Размышляю об этом, прочитав статью Владимира Ковнера, написанную по свежим следам нашей с Фрумкиным публикации. Части статьи, относящиеся к предмету дискуссии, при всём их интересе не содержат с моей точки зрения радикально новых идей или сведений, которые заставили бы вернуться к дважды исчерпанной для меня теме. Читатель может обратиться к нашим текстам и придти к собственным заключениям. Говорю это при полном уважении к уникальному жизненному опыту г-на Ковнера, его вкладу в бардовское движение.

Г-н Ковнер посвящает значительную часть своего изложения моей скромной особе, живописно чередуя, что называется, кнут и пряник. Изложение это самодостаточно. Автор сам формулирует мои мотивации (порою на грани психоанализа), сам же их разоблачает. Могу только пожать плечами. Я не искал похвал г-на Ковнера, и, соответственно, не нуждаюсь в его наставлениях. Насчёт Олимпа ничего не знаю, но творческое одиночество на моих холмах Аппалачей, безусловно, предпочту ненужному общению, выяснению несуществующих отношений.

Вместе с тем понимаю задетые здесь чувства. Бардовское движение и всё связанное с ним для моего критика составляет нечто очень личное. Я же смотрю на данный феномен как бы со стороны. Никому из нас не понравится, когда постороннее лицо (в данном случае таковым являюсь я) свободно, без замираний рассуждает о героях нашей юности. Каждый автор, пишущий на острые темы, неизбежно задевает чувства многих. Такому автору не следует удивляться, что он сам становится объектом личных атак.
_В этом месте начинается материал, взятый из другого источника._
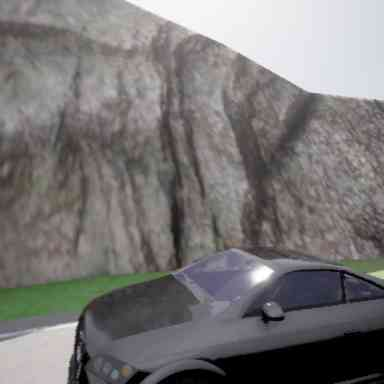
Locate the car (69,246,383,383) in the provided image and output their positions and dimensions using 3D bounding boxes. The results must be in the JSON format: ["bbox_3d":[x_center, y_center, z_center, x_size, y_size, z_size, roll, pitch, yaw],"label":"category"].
[{"bbox_3d":[0.788,1.404,3.898,4.181,1.385,1.994,1,3,-20],"label":"car"}]
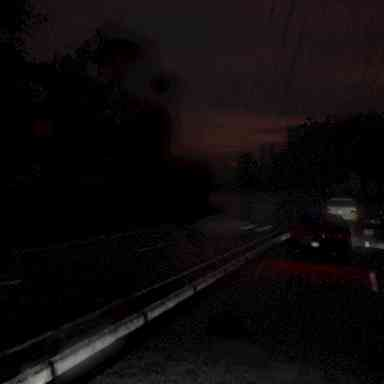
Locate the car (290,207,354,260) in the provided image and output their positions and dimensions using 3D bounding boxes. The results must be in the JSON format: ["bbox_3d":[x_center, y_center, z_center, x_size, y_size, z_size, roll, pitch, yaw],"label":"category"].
[{"bbox_3d":[5.207,1.591,13.218,1.882,1.535,5.008,0,0,27],"label":"car"}]

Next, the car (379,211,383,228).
[{"bbox_3d":[14.320,1.754,23.414,2.033,1.411,5.357,0,0,31],"label":"car"}]

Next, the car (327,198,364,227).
[{"bbox_3d":[11.543,1.432,25.105,2.150,2.045,5.566,0,0,31],"label":"car"}]
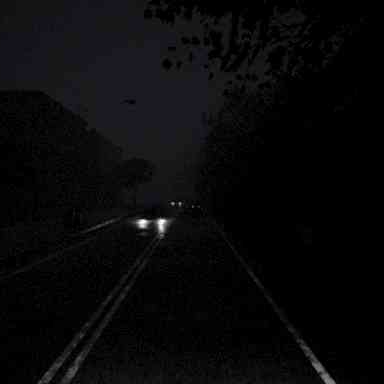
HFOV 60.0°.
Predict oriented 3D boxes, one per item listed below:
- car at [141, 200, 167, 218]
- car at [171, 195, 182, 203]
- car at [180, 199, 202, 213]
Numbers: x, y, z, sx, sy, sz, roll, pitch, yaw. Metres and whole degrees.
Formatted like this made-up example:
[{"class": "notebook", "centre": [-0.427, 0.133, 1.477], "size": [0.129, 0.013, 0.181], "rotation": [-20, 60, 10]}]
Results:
[{"class": "car", "centre": [-3.350, 1.449, 29.799], "size": [1.882, 1.535, 5.008], "rotation": [0, 0, 0]}, {"class": "car", "centre": [-3.239, 1.485, 69.796], "size": [1.837, 1.490, 4.892], "rotation": [0, 0, 0]}, {"class": "car", "centre": [0.099, 1.512, 36.278], "size": [2.033, 1.411, 5.357], "rotation": [0, 0, 0]}]
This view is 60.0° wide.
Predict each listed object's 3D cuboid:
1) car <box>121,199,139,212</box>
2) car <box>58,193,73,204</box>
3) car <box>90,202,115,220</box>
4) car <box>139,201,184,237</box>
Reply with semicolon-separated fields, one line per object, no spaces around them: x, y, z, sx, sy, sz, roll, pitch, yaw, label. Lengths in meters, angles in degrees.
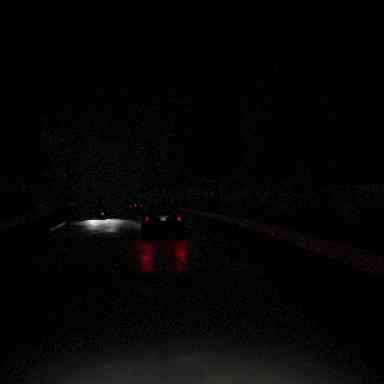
-7.021;1.553;38.694;2.033;1.411;5.357;0;0;-20;car
-25.430;1.255;66.912;2.150;2.045;5.566;0;0;-30;car
-7.729;1.574;28.645;1.994;1.385;4.181;0;0;-16;car
-1.720;1.350;18.315;2.097;1.767;4.553;0;0;-9;car
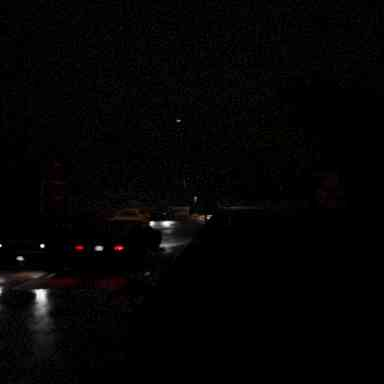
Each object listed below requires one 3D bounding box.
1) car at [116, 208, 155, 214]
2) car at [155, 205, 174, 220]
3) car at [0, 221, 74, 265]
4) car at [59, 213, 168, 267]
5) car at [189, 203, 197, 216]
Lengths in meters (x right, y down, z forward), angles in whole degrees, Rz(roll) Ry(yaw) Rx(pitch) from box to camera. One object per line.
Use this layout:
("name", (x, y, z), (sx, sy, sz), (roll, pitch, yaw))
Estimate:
("car", (-4.228, 1.878, 22.734), (1.882, 1.535, 5.008), (-1, -1, 6))
("car", (-3.056, 2.104, 34.149), (1.837, 1.490, 4.892), (-1, -1, 6))
("car", (-5.242, 1.837, 12.744), (1.895, 1.301, 4.718), (-1, -1, 6))
("car", (-2.445, 1.724, 12.102), (2.033, 1.411, 5.357), (-1, -1, 6))
("car", (0.717, 2.198, 42.687), (2.128, 1.511, 4.902), (-1, -1, 6))
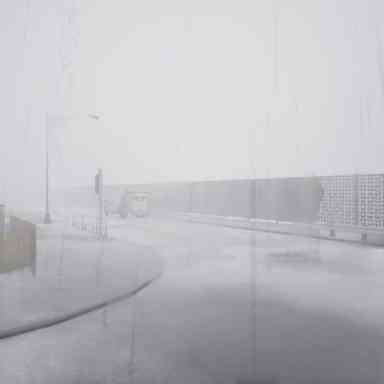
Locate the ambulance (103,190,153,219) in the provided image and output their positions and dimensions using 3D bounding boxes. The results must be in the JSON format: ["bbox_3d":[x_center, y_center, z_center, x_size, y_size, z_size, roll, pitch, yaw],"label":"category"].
[{"bbox_3d":[-5.897,1.031,29.297,2.351,2.431,6.366,0,0,-35],"label":"ambulance"}]
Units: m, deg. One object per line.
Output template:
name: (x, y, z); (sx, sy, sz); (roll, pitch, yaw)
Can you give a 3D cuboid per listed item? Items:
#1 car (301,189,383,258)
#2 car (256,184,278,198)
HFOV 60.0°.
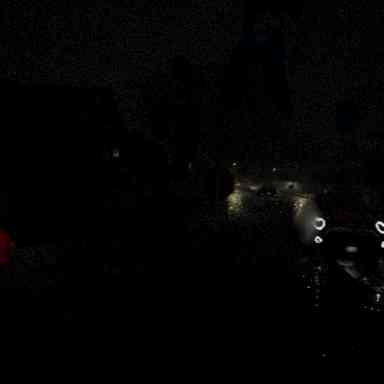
car: (4.819, 0.842, 10.935); (2.097, 1.767, 4.553); (3, 3, 15)
car: (8.112, -0.116, 36.258); (1.994, 1.385, 4.181); (3, 3, 5)
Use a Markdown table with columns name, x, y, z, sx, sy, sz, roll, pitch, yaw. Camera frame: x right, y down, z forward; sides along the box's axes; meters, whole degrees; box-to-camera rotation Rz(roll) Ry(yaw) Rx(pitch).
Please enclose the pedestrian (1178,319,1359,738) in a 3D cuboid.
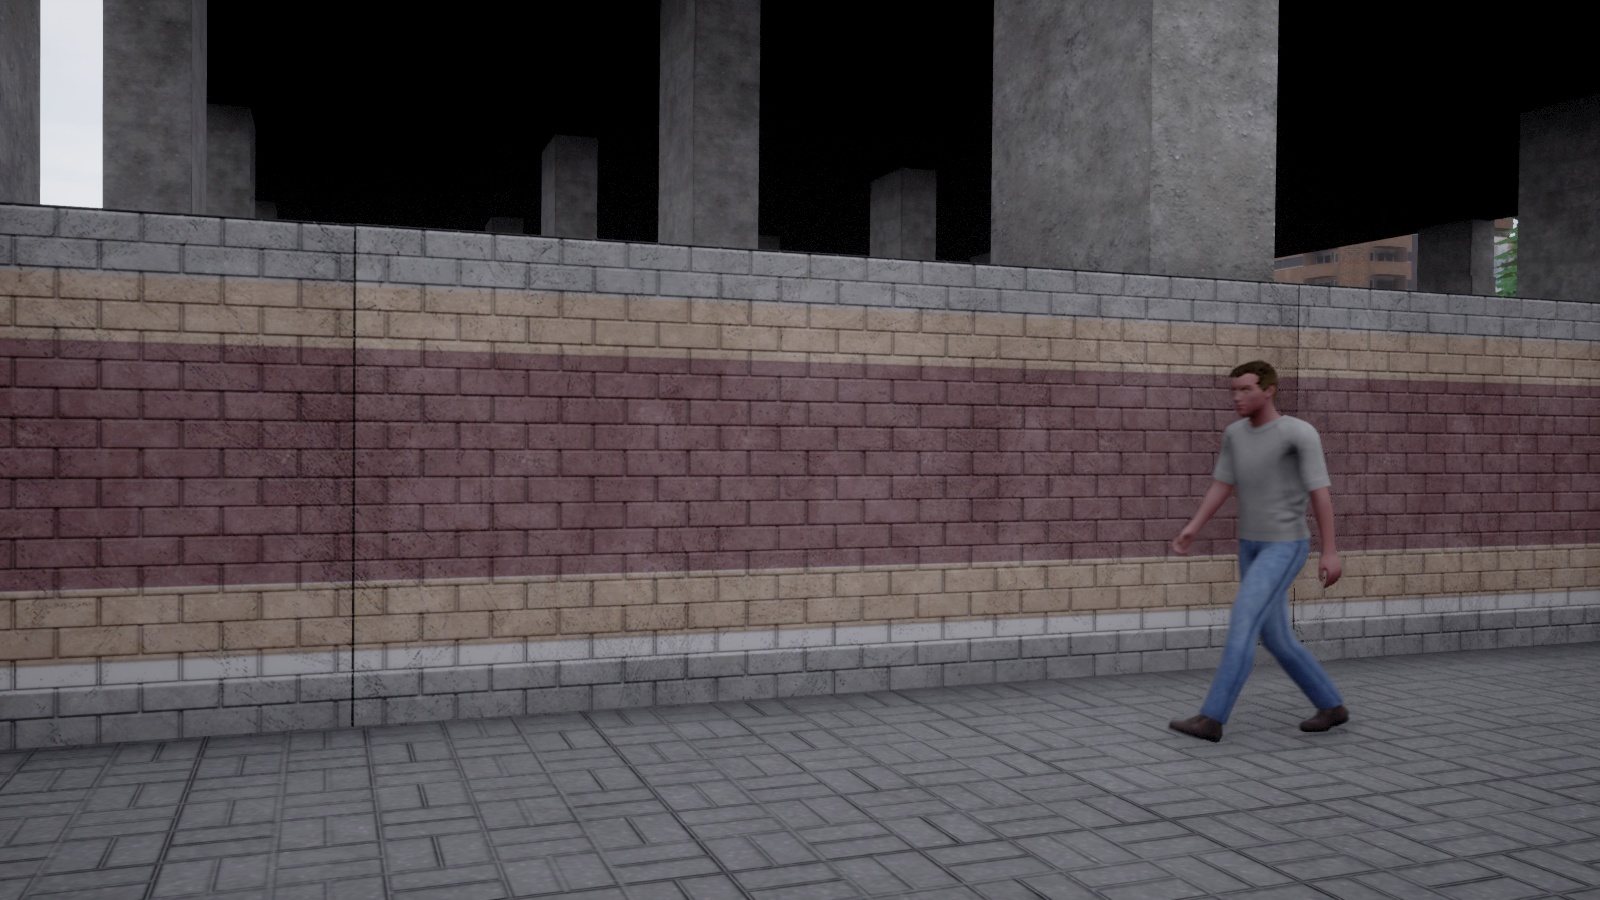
| name | x | y | z | sx | sy | sz | roll | pitch | yaw |
| --- | --- | --- | --- | --- | --- | --- | --- | --- | --- |
| pedestrian | 2.154 | 0.339 | 5.781 | 0.706 | 1.836 | 0.354 | -1 | 1 | -18 |
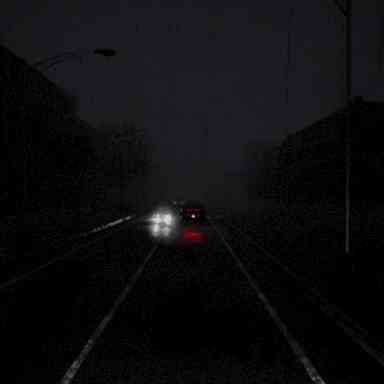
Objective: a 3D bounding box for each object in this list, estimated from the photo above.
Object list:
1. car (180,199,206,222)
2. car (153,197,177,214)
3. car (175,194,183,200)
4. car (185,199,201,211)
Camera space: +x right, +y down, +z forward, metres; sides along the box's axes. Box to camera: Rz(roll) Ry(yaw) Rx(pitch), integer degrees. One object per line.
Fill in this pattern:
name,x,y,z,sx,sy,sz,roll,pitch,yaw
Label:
car,0.092,1.550,27.043,1.837,1.490,4.892,0,0,0
car,-3.103,1.572,36.256,2.128,1.511,4.902,0,0,0
car,-3.022,1.203,77.862,1.882,1.535,5.008,0,0,0
car,0.088,1.662,43.037,1.994,1.385,4.181,0,0,0

Это побочный эффект, профессиональный риск, связанный с желанием публиковаться, донести свои мысли, идеи, чувствования до читателей. Как говорится, сам виноват. Отношусь к неизбежной персональной критике в мой адрес философски. Я задел многое дорогое для г-на Ковнера, огорчил его, о чём сожалею.

Здесь можно было бы остановиться, если бы не затронутая г-ном Ковнером «проблема Бродского». Мне кажется, что я вполне ясно выразил своё отношение к культу этого автора в статье «Реплика к юбилею»[2]. Но, может быть, имеет смысл добавить несколько слов, даже рискуя повториться. Отмечу также, что мои взгляды на поэзию, её эстетику и т.д. подробно представлены в большом эссе «Доктора поэзии»[3].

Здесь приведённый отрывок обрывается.